Mesmo cansada não dormi bem a noite, havia muito roncos na casa e isso para mim é sempre um problema.

Levantei cedo e fui preparar o café. Café preto, pão e queijo.

Sabíamos que o dia não seria fácil, queríamos ir até a Bahia Muerta, cerca de 100 km dali. Além do desafio da distância, a partir de hoje o trajeto seria 100% rípio, ou seja, o rendimento nem se compara com o do asfalto.

Iniciamos o pedal as 8:30. Tentamos passar no mercado, mas estava fechado.

Não tenho maturidade para essas paisagens incríveis, já sai da Villa filmando e tirando fotos, sério gente essa Villa Cerro Castilho tem um visual alucinante.

Já de cara começamos a subir, e subir e subir. Mas, para nossa surpresa, o trajeto que seria todo de rípio está em obras e tivemos um bônus de 12,5 km (só subida) de asfalto. Que maravilha. Não sabia quantos quilômetros seriam, então fui agradecendo pelo asfalto a cada quilômetro.

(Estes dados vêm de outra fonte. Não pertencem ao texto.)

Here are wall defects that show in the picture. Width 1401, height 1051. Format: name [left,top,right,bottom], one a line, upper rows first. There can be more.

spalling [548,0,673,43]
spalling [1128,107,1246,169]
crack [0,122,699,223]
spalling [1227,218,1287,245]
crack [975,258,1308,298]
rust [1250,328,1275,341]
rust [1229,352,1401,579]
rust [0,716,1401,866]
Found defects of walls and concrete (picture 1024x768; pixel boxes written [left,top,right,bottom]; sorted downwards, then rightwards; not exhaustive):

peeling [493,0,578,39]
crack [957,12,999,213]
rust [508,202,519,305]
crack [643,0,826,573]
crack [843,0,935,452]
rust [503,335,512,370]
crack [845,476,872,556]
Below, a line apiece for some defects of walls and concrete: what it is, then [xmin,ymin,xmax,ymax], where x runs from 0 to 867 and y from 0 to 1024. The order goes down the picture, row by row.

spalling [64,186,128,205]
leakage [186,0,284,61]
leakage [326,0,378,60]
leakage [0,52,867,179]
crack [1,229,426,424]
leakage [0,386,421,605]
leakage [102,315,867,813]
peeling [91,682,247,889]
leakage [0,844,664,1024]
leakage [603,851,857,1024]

Depois de subirmos bastante, paramos num lindo mirante. Fazia dias que queria fazer minha foto clássica, saltando. O local não era o mais apropriado, eu estava de sapatilha, mas até que ficou legal. Na hora já pensei em dedicar a foto aos amigos queridos: Michele (@mitatsch), Simone (@simonevvieira), Felipe (@shernobyl) e Mariana (@mariana.scarpelli), que adoram meus saltos e sempre me marcam no Instagram quando tentam repeti-los.

 

Já no rípio de má qualidade, subindo e com vento contra o ritmo era devagar quase parando. Pior que nesse tipo de rípio não dá nem para fazer vácuo, tamanha é a dificuldade e a atenção necessária para pedalar. Seguíamos hora eu mais na frente hora o Julien mais na frente.

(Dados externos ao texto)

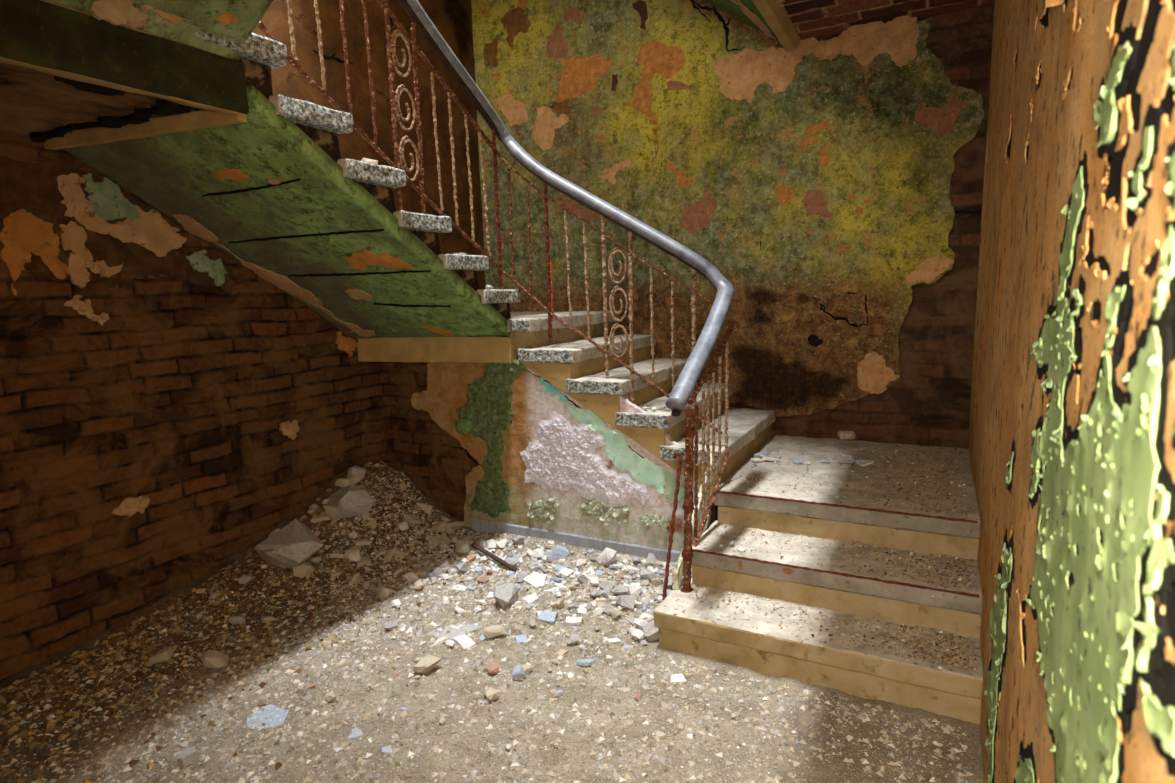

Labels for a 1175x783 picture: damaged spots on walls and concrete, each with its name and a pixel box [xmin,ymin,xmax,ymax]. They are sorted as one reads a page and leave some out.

peeling [89,0,190,28]
peeling [714,15,919,103]
spalling [29,99,191,142]
peeling [171,213,376,357]
leakage [749,290,776,324]
crack [819,292,869,327]
peeling [905,256,954,284]
leakage [734,346,846,409]
peeling [857,352,899,394]
peeling [984,0,1175,783]
peeling [456,359,527,518]
peeling [520,378,684,531]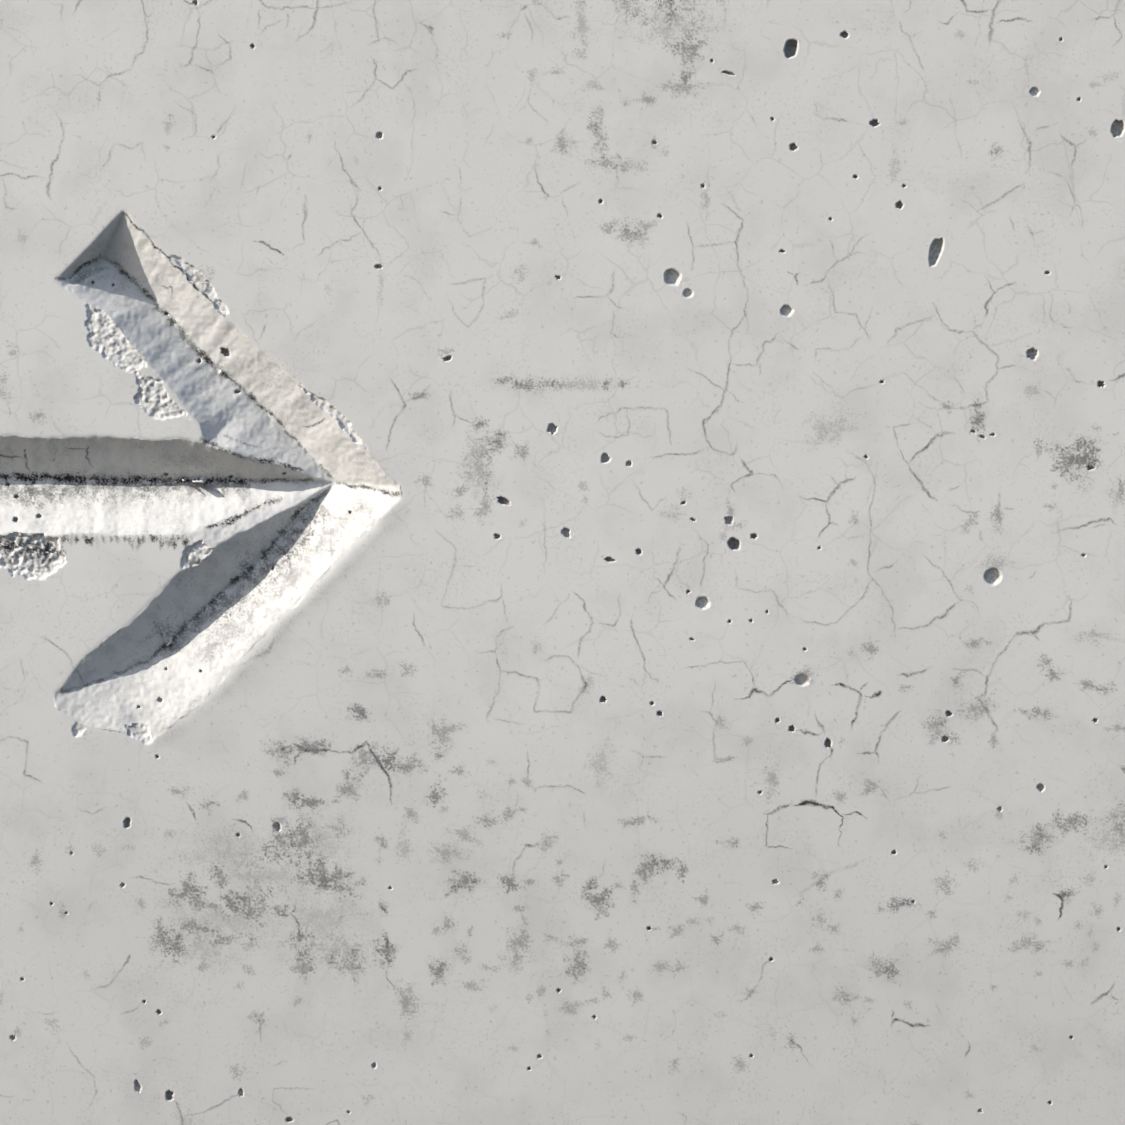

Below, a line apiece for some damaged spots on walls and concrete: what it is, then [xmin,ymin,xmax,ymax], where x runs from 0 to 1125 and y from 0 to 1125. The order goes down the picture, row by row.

leakage [281,739,330,753]
crack [784,732,861,832]
leakage [284,793,323,809]
leakage [169,873,207,901]
leakage [297,858,352,895]
leakage [583,879,613,916]
leakage [638,859,686,882]

Fui a primeira a avistar o lago verde esmeralda da foto abaixo. Os Queridos Aline e Ari, do @bikeadois, já haviam me antecipado que a partir de hoje começaríamos a ver esses Lagos lindos. Esperei Julien para mostrar e pedir uma fotinha.

Seguimos cruzando rios e lagos com essa cor, mas a paisagem abaixo me deixou realmente impressionada. Difícil capturar com a câmara ou celular, mas penso que da para ter uma noção do deslumbre. A vontade era descer lá embaixo e ficar ali, sentada admirando tamanha beleza. Pelo menos para mim não dá para pensar em banho nessas águas, se fosse num lugar mais quentinho não pensaria 2x em me jogar.

Seguimos sofrendo e fazendo muita força contra o vento. Lá pelo km 30 paramos para os famosos cookies gordos.

Seguimos mais um pouco, cada um no seu ritmo. Quando a distância entre a gente aumentava muito o da frente aguardava o de trás. Não havíamos conversado sobre isso, mas é uma questão de parceria e bom senso, estamos pedalando juntos fazem alguns dias e a ideia é que facilitemos nossas vidas nos ajudando.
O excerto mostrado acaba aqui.